_Task objective:_
Your answer must consist of every line from the data below that includes the word "each".
Top of Data extracts
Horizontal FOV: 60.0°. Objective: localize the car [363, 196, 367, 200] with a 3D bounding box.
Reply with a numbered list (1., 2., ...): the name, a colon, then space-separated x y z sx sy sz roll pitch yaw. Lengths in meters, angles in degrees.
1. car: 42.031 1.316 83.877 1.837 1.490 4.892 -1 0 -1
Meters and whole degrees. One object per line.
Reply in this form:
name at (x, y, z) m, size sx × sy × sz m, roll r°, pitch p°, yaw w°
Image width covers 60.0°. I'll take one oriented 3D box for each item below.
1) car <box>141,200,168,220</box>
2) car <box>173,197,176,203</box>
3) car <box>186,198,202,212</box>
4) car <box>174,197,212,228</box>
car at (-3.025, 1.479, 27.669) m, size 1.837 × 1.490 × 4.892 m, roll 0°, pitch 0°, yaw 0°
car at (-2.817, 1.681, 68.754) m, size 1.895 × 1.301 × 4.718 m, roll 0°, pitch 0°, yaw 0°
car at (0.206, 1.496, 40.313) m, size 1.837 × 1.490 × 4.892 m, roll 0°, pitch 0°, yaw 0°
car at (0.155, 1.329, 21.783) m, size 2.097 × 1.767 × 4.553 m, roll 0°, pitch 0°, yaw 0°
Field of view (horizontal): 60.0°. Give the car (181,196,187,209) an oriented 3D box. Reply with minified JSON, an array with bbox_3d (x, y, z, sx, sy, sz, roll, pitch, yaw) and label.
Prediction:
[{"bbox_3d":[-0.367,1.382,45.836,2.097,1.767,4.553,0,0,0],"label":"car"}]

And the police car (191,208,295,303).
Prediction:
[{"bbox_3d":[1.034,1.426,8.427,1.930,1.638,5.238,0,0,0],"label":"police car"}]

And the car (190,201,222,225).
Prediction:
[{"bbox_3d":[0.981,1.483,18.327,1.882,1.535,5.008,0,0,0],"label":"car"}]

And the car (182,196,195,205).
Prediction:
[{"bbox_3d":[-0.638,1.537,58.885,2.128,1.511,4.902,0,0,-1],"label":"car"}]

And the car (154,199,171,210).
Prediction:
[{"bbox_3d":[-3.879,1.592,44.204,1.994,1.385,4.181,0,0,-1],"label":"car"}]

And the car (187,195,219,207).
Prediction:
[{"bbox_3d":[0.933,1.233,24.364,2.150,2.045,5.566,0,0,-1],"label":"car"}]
Bottom of Data extracts
Top of Data extracts
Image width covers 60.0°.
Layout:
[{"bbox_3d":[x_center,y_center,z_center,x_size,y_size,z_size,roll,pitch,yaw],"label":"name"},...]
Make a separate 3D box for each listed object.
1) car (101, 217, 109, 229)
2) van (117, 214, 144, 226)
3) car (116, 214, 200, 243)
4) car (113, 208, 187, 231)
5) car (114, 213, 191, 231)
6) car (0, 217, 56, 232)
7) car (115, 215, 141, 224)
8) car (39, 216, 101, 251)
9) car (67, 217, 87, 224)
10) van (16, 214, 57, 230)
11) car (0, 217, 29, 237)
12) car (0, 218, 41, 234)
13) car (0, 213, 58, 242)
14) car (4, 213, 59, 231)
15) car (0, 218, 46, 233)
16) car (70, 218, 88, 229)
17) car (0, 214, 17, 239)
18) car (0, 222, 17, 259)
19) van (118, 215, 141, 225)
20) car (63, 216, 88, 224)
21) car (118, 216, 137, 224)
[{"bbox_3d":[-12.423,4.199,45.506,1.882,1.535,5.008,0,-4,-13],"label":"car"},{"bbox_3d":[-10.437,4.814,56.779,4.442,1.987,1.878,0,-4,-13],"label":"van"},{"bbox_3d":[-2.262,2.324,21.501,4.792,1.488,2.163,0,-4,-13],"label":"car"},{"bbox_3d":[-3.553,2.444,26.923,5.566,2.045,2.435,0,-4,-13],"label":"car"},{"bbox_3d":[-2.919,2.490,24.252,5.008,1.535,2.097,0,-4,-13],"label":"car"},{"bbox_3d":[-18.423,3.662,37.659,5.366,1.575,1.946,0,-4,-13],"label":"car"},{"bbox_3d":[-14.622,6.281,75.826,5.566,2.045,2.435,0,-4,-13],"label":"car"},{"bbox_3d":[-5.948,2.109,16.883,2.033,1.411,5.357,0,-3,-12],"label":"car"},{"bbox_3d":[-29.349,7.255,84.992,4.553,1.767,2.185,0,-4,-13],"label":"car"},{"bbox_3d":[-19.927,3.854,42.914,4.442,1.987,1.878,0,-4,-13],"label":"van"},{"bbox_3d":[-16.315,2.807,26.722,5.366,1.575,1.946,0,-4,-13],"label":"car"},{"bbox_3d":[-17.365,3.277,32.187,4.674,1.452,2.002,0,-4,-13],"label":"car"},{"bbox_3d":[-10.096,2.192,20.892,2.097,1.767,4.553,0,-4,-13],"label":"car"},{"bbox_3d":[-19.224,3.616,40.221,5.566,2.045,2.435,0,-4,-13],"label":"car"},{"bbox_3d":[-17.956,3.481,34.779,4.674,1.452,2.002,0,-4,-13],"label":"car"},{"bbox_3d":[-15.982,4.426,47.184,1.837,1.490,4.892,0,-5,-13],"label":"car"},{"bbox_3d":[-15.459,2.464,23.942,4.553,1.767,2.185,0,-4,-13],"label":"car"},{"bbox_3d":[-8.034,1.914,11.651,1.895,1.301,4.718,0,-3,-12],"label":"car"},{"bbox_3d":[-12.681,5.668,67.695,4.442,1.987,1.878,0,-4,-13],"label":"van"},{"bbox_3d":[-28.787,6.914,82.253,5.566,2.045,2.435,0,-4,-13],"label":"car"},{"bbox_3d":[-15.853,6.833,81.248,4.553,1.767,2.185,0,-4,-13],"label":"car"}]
Bottom of Data extracts
_Answer box:_
Image width covers 60.0°. I'll take one oriented 3D box for each item below.
Make a separate 3D box for each listed object.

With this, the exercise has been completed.